> **WORK REQUEST**: Below this sentence is a listing; return exactly its lines from the one with "Horizontal FOV: 60.0°." to the one with "Reply with a numbered", both kept, and nothing more.
Start of Block
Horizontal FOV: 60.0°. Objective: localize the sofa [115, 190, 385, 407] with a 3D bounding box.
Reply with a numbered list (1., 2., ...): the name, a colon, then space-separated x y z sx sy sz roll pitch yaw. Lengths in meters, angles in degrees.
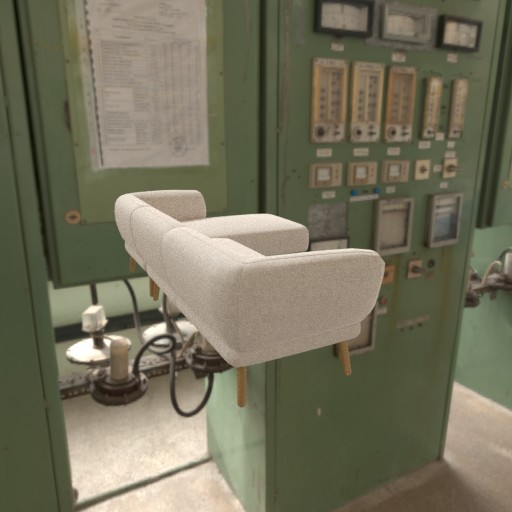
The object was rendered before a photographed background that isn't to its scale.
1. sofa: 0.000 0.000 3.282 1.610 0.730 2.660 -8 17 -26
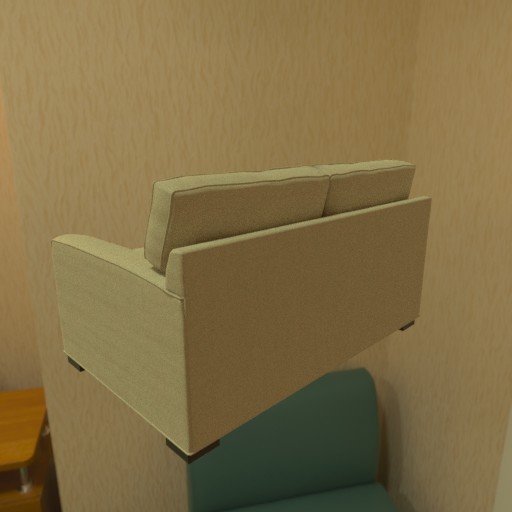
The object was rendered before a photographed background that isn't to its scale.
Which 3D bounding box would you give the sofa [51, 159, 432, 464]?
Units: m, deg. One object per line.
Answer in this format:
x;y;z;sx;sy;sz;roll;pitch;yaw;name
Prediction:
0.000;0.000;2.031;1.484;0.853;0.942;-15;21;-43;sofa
End of Block
Start of Block
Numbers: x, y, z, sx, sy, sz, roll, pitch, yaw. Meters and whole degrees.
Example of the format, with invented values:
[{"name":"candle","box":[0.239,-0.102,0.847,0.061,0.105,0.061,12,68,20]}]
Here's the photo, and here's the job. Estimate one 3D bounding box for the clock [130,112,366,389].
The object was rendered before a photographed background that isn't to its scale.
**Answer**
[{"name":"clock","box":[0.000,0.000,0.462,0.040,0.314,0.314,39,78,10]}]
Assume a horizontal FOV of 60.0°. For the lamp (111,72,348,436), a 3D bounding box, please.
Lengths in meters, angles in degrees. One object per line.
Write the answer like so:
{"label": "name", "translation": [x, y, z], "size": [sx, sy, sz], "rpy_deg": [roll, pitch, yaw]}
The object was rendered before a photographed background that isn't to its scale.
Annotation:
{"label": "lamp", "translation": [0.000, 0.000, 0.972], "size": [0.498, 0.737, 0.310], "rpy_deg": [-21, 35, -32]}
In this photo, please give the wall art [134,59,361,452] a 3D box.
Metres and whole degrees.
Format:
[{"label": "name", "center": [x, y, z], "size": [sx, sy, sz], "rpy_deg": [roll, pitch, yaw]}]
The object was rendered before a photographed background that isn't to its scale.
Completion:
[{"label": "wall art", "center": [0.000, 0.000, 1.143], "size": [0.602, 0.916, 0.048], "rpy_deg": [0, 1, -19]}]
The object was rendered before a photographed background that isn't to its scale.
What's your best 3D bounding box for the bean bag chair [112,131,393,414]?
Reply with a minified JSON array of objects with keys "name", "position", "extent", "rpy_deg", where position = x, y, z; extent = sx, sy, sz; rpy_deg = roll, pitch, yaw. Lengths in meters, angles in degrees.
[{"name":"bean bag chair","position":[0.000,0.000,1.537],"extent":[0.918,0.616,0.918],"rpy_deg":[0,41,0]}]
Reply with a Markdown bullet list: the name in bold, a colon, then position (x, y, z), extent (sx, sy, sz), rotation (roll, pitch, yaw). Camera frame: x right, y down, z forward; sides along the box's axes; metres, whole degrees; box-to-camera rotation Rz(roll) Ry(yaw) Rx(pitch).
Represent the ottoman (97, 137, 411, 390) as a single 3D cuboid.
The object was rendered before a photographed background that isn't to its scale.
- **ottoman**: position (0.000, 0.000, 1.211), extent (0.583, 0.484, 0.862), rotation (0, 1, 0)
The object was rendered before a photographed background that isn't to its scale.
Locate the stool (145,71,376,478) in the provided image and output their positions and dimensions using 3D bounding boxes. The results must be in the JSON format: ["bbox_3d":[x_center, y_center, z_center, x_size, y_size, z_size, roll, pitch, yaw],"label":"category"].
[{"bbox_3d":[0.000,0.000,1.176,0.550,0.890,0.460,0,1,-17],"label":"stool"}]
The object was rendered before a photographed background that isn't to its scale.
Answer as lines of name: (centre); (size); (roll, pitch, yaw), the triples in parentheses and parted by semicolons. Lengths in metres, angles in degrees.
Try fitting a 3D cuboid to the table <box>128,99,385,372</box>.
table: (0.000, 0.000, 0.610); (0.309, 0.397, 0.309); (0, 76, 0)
End of Block
> **REPLY TO THE TASK**:
Horizontal FOV: 60.0°. Objective: localize the sofa [115, 190, 385, 407] with a 3D bounding box.
Reply with a numbered list (1., 2., ...): the name, a colon, then space-separated x y z sx sy sz roll pitch yaw. Lengths in meters, angles in degrees.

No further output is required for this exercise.